Extracted records:
++++++++

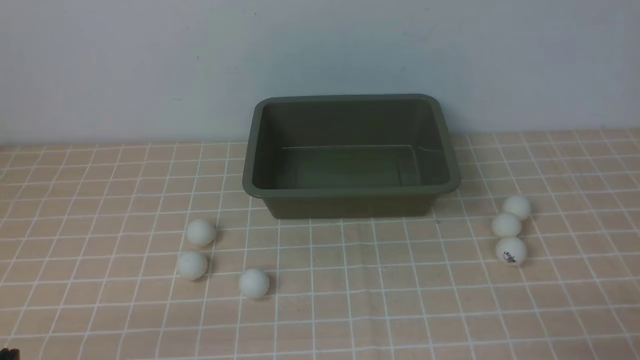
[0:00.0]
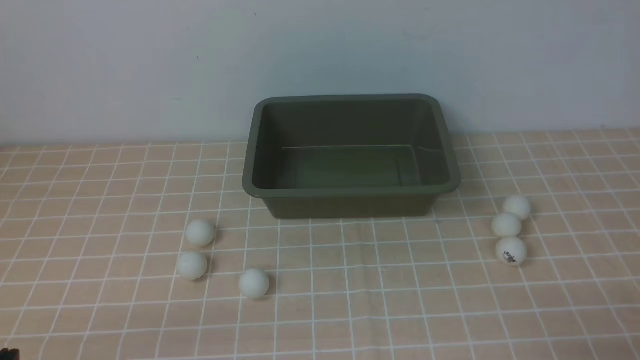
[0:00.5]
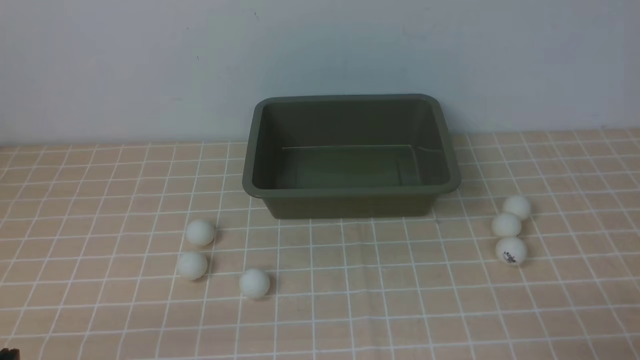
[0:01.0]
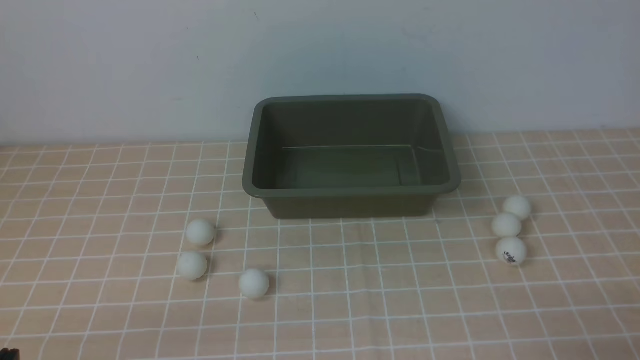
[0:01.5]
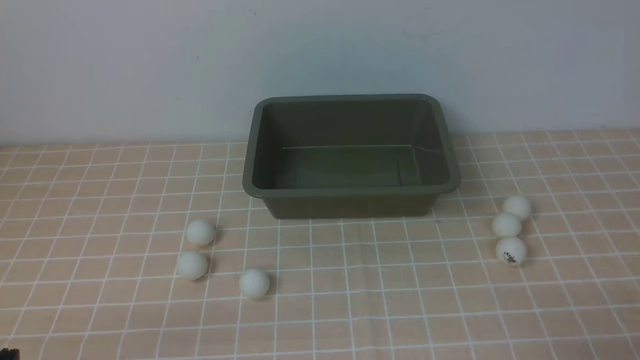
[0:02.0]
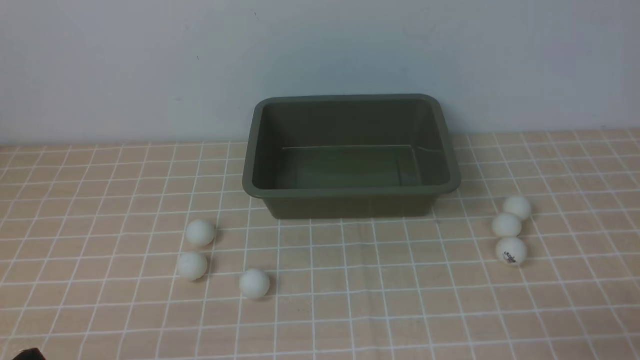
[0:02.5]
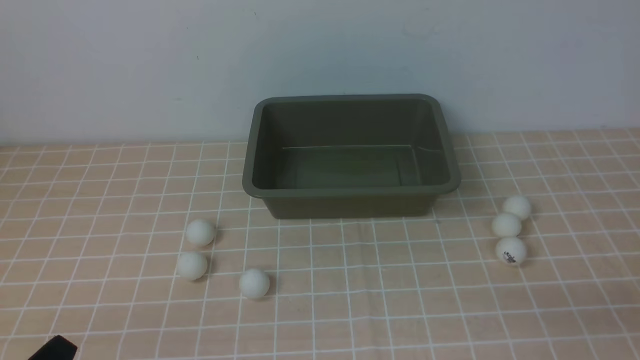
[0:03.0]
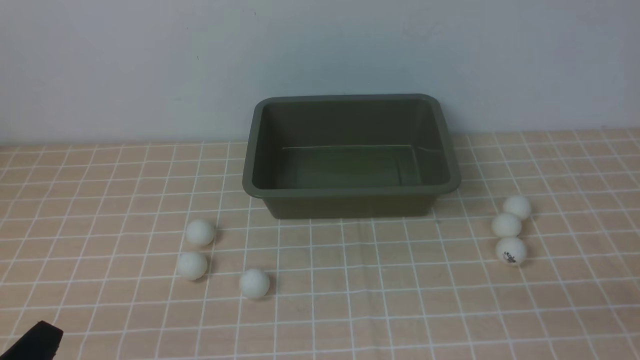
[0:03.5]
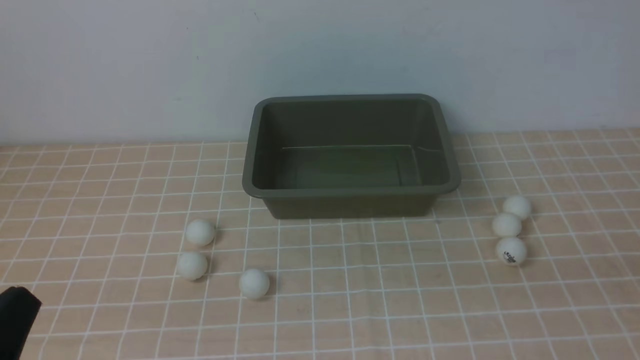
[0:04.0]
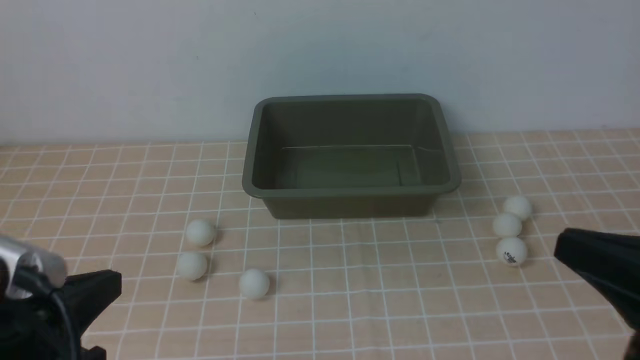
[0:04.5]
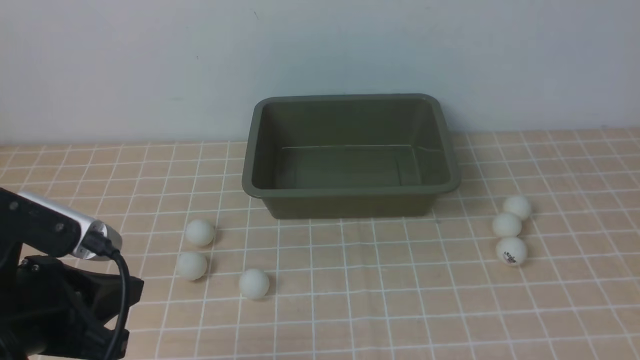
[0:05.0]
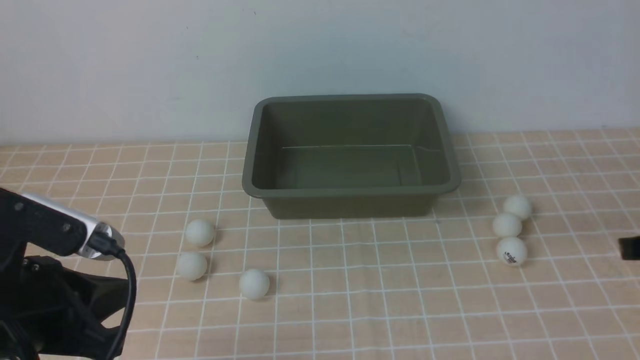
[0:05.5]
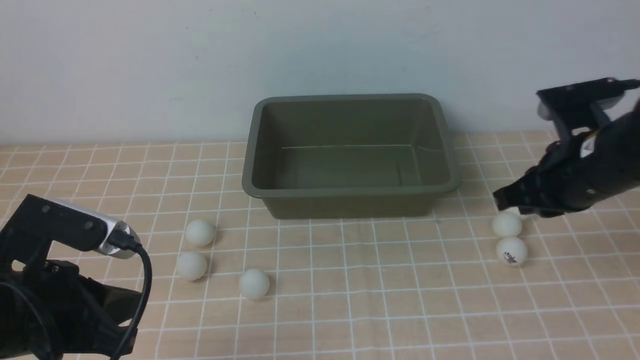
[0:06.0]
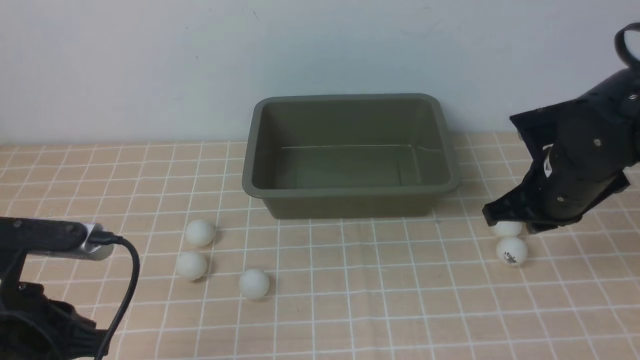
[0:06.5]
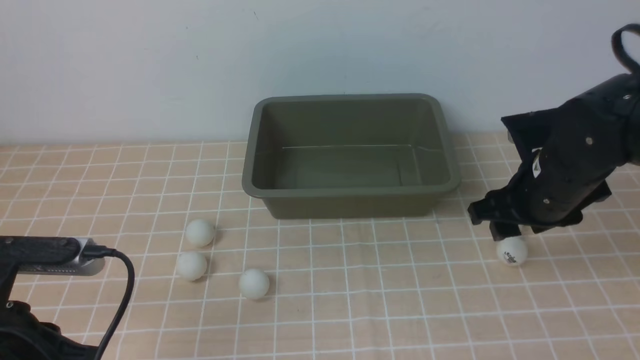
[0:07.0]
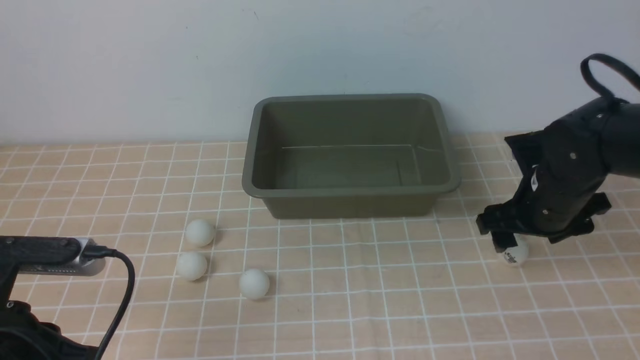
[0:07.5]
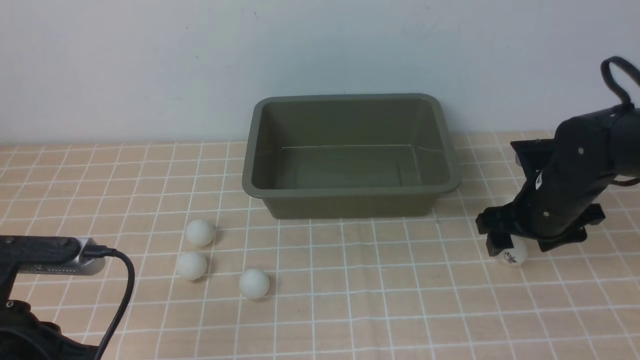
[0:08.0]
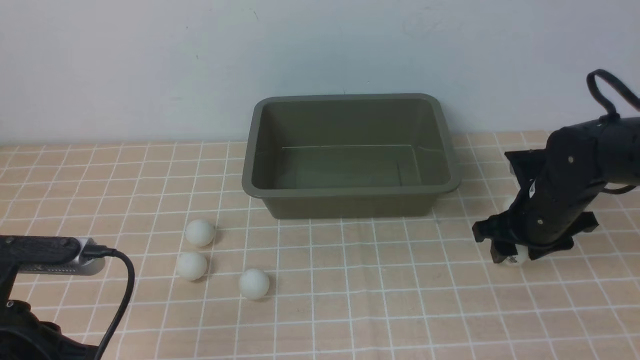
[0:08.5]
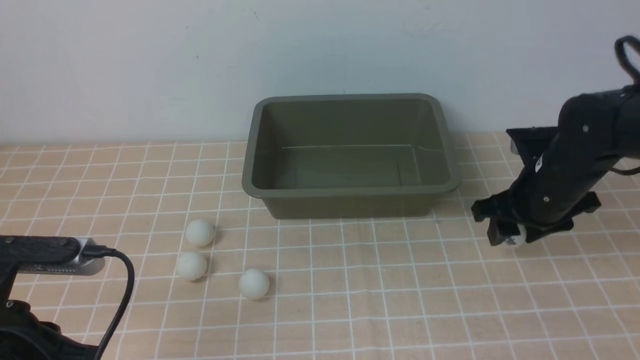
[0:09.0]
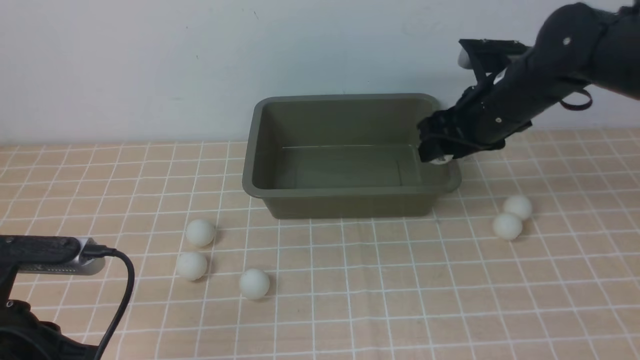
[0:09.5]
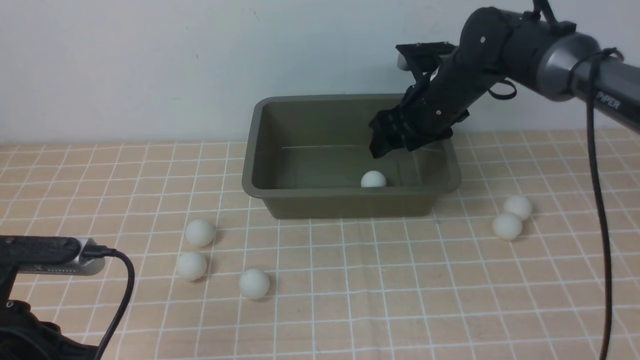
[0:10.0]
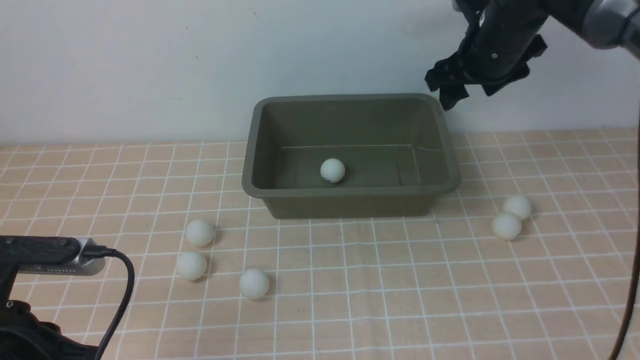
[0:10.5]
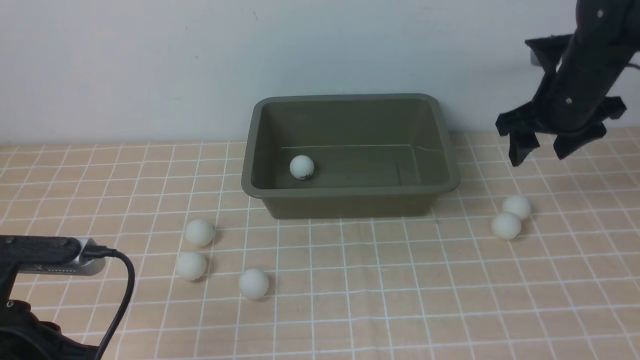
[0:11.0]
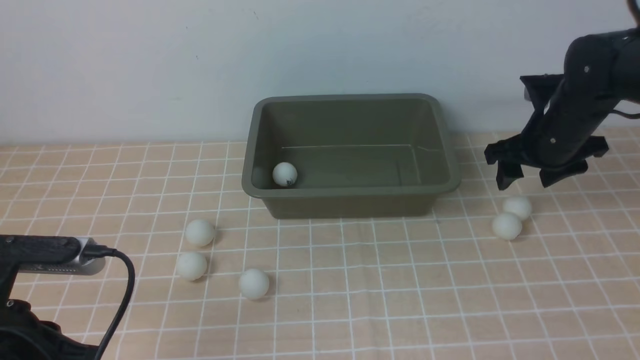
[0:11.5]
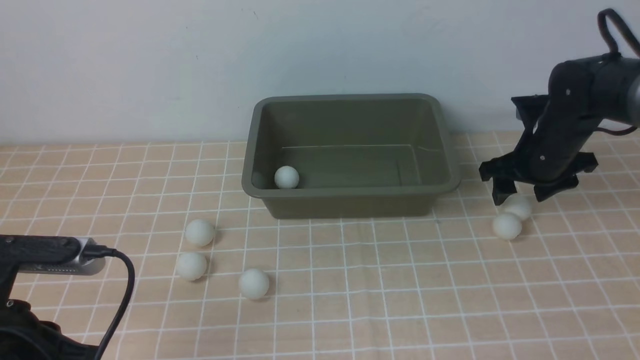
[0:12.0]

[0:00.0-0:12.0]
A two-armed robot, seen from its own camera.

++++++++

> [Problem]: Omitting the pictures, repeat all entries exactly.

> [Solution to the exercise]:
[0:00.0]
[0:00.5]
[0:01.0]
[0:01.5]
[0:02.0]
[0:02.5]
[0:03.0]
[0:03.5]
[0:04.0]
[0:04.5]
[0:05.0]
[0:05.5]
[0:06.0]
[0:06.5]
[0:07.0]
[0:07.5]
[0:08.0]
[0:08.5]
[0:09.0]
[0:09.5]
[0:10.0]
[0:10.5]
[0:11.0]
[0:11.5]
[0:12.0]

[0:00.0-0:12.0]
A two-armed robot, seen from its own camera.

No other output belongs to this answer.